The partial fractions can be found in a very easy way using the following method.

(3x-2)/(x-3)(x+1), the roots of the denominator are x = 3 and x = -1.

Representing as partial fractions we get the form A/(x - 3) + B(x + 1)

Let's find A, ignore the term (x - 3) and substitute the root x = 3 for all the other terms.
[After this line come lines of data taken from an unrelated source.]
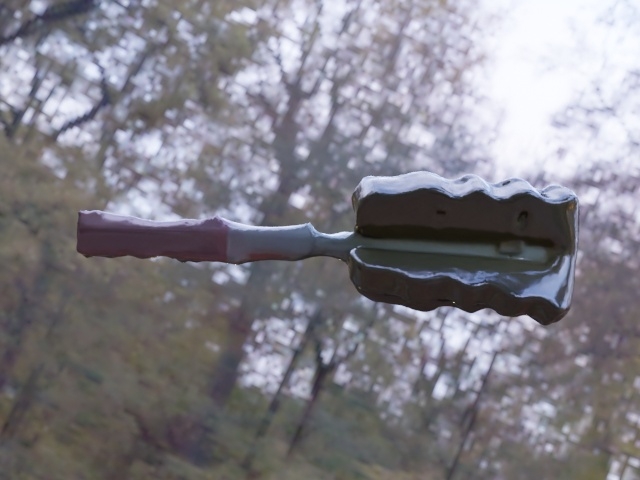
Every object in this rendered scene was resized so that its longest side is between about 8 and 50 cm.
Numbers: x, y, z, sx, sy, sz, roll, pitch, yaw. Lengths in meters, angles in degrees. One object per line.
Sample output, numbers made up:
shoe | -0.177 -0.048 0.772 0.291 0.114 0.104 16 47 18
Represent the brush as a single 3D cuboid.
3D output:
brush | 0.000 0.000 0.859 0.301 0.084 0.071 3 -15 8
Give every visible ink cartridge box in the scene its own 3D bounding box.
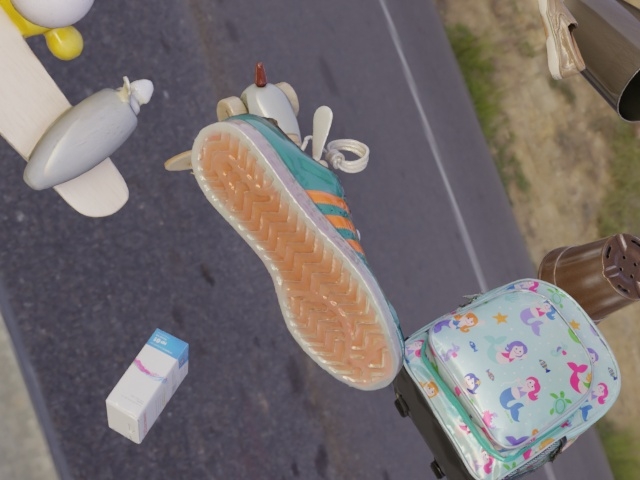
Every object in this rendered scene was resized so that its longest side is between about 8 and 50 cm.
[{"bbox_3d":[-0.225,0.190,1.215,0.122,0.052,0.089,-59,170,-34],"label":"ink cartridge box"}]

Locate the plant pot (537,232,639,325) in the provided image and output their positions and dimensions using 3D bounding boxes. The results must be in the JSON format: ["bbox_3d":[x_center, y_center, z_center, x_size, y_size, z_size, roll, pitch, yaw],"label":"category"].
[{"bbox_3d":[0.518,0.067,1.723,0.166,0.165,0.167,8,70,-21],"label":"plant pot"}]

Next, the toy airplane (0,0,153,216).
[{"bbox_3d":[-0.343,-0.229,0.936,0.386,0.272,0.385,7,82,-49],"label":"toy airplane"}]

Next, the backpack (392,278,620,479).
[{"bbox_3d":[0.241,0.170,1.171,0.225,0.253,0.191,59,-22,22],"label":"backpack"}]

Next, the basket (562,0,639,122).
[{"bbox_3d":[0.519,-0.334,1.620,0.227,0.204,0.154,51,-27,37],"label":"basket"}]

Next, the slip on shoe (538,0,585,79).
[{"bbox_3d":[0.305,-0.273,1.179,0.051,0.041,0.136,12,70,-59],"label":"slip on shoe"}]

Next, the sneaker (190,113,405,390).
[{"bbox_3d":[0.000,0.000,0.922,0.302,0.108,0.121,57,32,-2],"label":"sneaker"}]

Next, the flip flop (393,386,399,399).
[{"bbox_3d":[0.261,0.266,1.814,0.080,0.277,0.112,4,65,-43],"label":"flip flop"}]

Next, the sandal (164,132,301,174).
[{"bbox_3d":[-0.143,-0.123,1.610,0.088,0.239,0.079,123,-48,-73],"label":"sandal"}]

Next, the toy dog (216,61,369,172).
[{"bbox_3d":[-0.066,-0.234,1.864,0.220,0.333,0.161,-44,154,-34],"label":"toy dog"}]
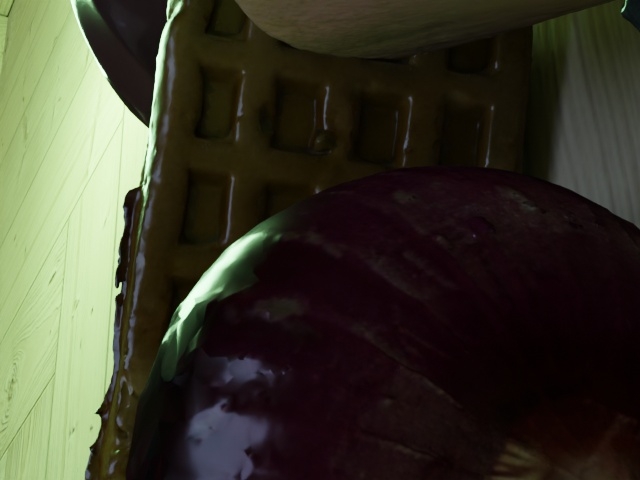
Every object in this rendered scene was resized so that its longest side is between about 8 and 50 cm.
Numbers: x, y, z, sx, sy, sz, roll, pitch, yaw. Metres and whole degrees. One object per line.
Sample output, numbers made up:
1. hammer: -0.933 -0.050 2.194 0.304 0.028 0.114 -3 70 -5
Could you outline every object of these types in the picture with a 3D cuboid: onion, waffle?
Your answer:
1. onion: 0.037 0.088 0.621 0.272 0.230 0.256 -49 33 44
2. waffle: 0.000 0.000 0.810 0.098 0.224 0.328 114 163 -74

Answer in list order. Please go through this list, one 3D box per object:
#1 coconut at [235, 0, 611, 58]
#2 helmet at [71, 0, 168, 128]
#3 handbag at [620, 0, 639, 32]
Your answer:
1. coconut: 0.052 -0.239 0.689 0.309 0.297 0.297 -2 75 47
2. helmet: -0.092 -0.199 1.081 0.271 0.197 0.338 109 155 -71
3. handbag: 0.195 -0.041 0.351 0.088 0.270 0.175 -42 6 -22
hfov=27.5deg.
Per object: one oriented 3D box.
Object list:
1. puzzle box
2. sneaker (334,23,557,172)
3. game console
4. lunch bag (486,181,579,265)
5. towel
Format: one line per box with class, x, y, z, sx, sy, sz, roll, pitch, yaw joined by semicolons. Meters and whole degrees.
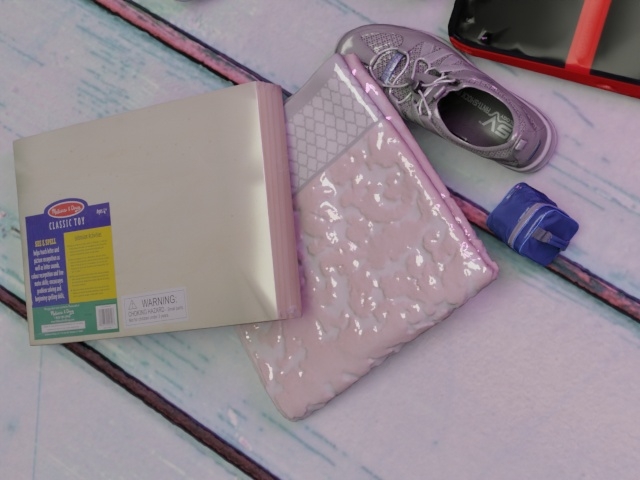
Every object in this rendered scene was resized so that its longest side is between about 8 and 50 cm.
puzzle box;-0.208;-0.022;1.572;0.409;0.052;0.272;-8;86;35
sneaker;0.134;-0.173;1.470;0.281;0.115;0.105;28;98;19
game console;0.349;-0.357;1.432;0.342;0.060;0.386;18;93;22
lunch bag;0.238;-0.013;1.439;0.067;0.098;0.065;-52;55;13
towel;0.000;0.000;1.507;0.332;0.053;0.317;-39;75;31
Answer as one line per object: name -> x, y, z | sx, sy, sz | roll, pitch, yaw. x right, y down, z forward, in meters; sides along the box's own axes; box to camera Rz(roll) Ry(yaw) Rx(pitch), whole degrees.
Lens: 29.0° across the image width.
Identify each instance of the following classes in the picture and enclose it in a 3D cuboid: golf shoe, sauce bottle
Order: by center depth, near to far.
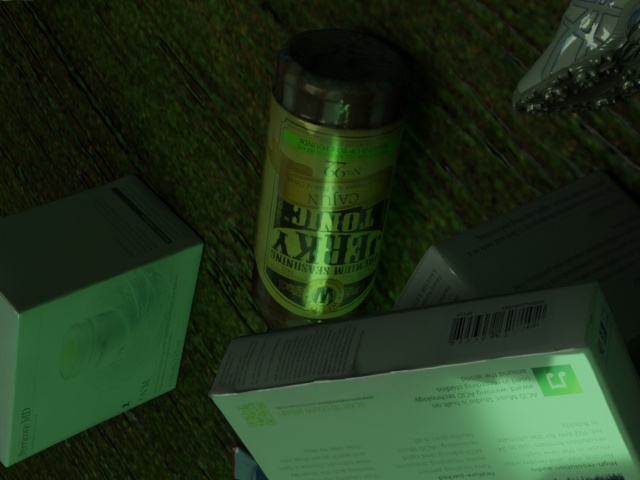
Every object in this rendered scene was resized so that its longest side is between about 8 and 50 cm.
golf shoe -> 0.185, -0.141, 0.796 | 0.176, 0.069, 0.086 | -34, 60, 49
sauce bottle -> 0.000, 0.000, 1.038 | 0.111, 0.111, 0.344 | 35, 133, 36

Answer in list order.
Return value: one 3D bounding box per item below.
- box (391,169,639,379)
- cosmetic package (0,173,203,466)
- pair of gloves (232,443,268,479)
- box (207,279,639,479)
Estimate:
box -> 0.138, 0.072, 0.841 | 0.119, 0.181, 0.182 | 49, 139, 22
cosmetic package -> -0.262, 0.081, 1.297 | 0.138, 0.224, 0.224 | 42, 136, 30
pair of gloves -> -0.036, 0.297, 1.293 | 0.159, 0.023, 0.198 | 25, 126, 40
box -> 0.107, 0.171, 0.759 | 0.232, 0.058, 0.322 | -10, 125, 28
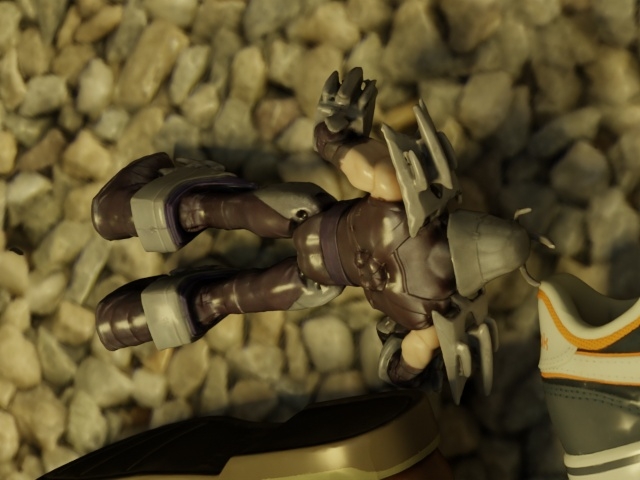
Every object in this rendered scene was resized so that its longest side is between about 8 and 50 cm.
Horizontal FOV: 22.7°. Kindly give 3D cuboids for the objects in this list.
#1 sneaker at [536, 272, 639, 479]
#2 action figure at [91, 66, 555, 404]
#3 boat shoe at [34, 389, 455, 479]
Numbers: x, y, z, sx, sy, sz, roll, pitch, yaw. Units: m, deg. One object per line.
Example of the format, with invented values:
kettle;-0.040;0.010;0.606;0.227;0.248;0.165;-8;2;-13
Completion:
sneaker;0.245;0.027;0.750;0.321;0.126;0.127;-21;87;27
action figure;0.000;0.000;0.877;0.285;0.099;0.185;-1;105;35
boat shoe;-0.052;0.159;0.890;0.307;0.111;0.104;-12;100;47
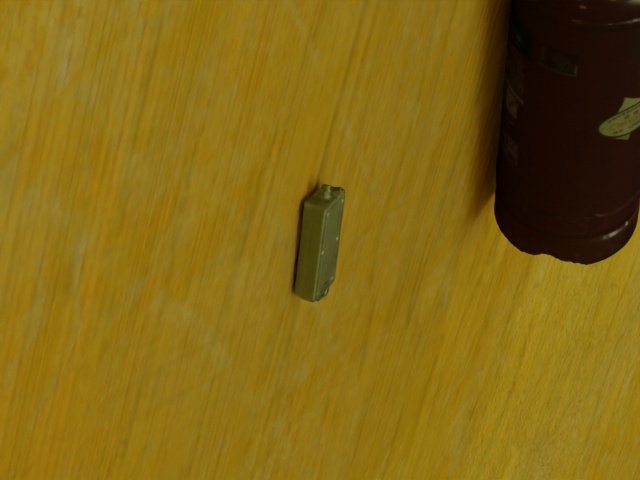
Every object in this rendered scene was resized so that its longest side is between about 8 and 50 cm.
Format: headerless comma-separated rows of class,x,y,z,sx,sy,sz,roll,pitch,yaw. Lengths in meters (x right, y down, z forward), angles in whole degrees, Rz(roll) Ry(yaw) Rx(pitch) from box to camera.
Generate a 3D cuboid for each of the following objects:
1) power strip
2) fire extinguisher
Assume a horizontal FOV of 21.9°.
power strip,0.000,0.000,0.972,0.027,0.017,0.083,-47,152,-46
fire extinguisher,0.186,-0.127,1.165,0.337,0.114,0.135,89,15,-46
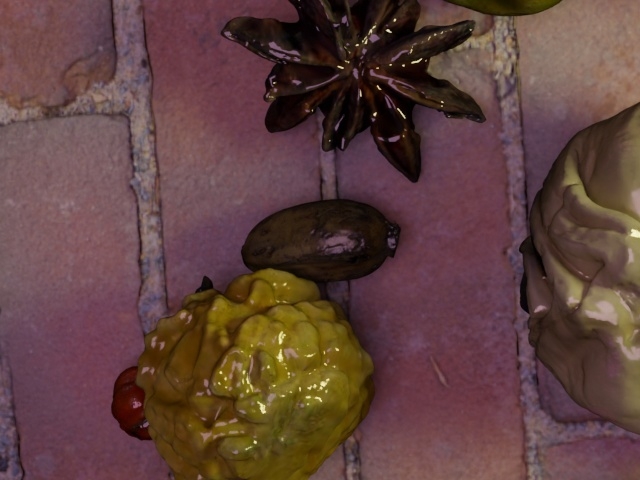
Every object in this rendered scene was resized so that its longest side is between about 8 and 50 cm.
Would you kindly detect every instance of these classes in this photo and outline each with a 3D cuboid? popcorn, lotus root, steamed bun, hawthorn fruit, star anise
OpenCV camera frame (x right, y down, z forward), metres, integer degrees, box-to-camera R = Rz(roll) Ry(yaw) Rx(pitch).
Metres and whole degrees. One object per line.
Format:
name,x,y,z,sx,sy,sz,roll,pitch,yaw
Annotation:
popcorn,-0.073,0.150,1.791,0.225,0.249,0.249,36,104,30
lotus root,0.000,0.000,1.816,0.179,0.089,0.080,-5,53,19
steamed bun,0.292,0.016,1.663,0.206,0.275,0.320,15,64,24
hawthorn fruit,-0.183,0.173,1.884,0.093,0.093,0.093,2,97,14
star anise,0.040,-0.182,1.770,0.283,0.129,0.212,17,106,4

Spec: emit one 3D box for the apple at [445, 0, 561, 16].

This gives us (3*3 - 2)/(3 + 1) = (9 - 2)/4 = 7/4

Similarly to find B, eliminate (x + 1) and substitute the root x = -1 in the other terms, we get (3*-1 - 2)/(-1 - 3) = 5/4

**Therefore the partial fractions are (7/4)/(x - 3) + (5/4)/(x + 1)**

(3x-2)/(x-3)(x+1)

so now for simplifying fractions like this we break this in 2 parts

(3x-2)/(x-3)(x+1)=a/(x-3) + b/(x+1)

or a(x+1)+b(x-3)=(3x-2)

now put x=3

a(3+1)+0=7

4a=7 or a=7/4

also now put x=-1

b(-4)=(-3-2)

b=5/4

so now put these all above these are your partial fractions.

We'll decompose the rational function in partial fractions:

(3x-2)/(x-3)(x+1) = A/(x-3) + B/(x+1)

We'll calculate LCD of the 2 fractions from the right side.

The LCD is the same with the denominator from the left side.

LCD = (x-3)(x+1)

We'll multiply both sides by (x-3)(x+1) and the expression will become:

(3x-2) = A(x+1) + B(x-3)

We'll remove the brackets:

3x - 2 = Ax + A + Bx - 3B

We'll combine like terms form the right side:

3x - 2 = x(A+B) + (A-3B)

Comparing we'll get:

3 = A+B

-2 = A - 3B

We'll use the symmetric property:

A+B = 3 (1)

A - 3B = -2 (2)

We'll multiply (1) by 3:

3A+3B = 9 (3)

We'll add (3) to (2):

3A+3B+A - 3B = 9-2

We'll eliminate like terms:

4A = 7

A = 7/4

We'll substitute A in (1):

A+B = 3

7/4 + B = 3

B = 3 - 7/4 => B = (12-7)/4 => B = 5/4

**The fraction (3x-2)/(x-3)(x+1) = 7/4(x-3) + 5/4(x+1), where 7/4(x-3) and 5/4(x+1) are partial fractions.**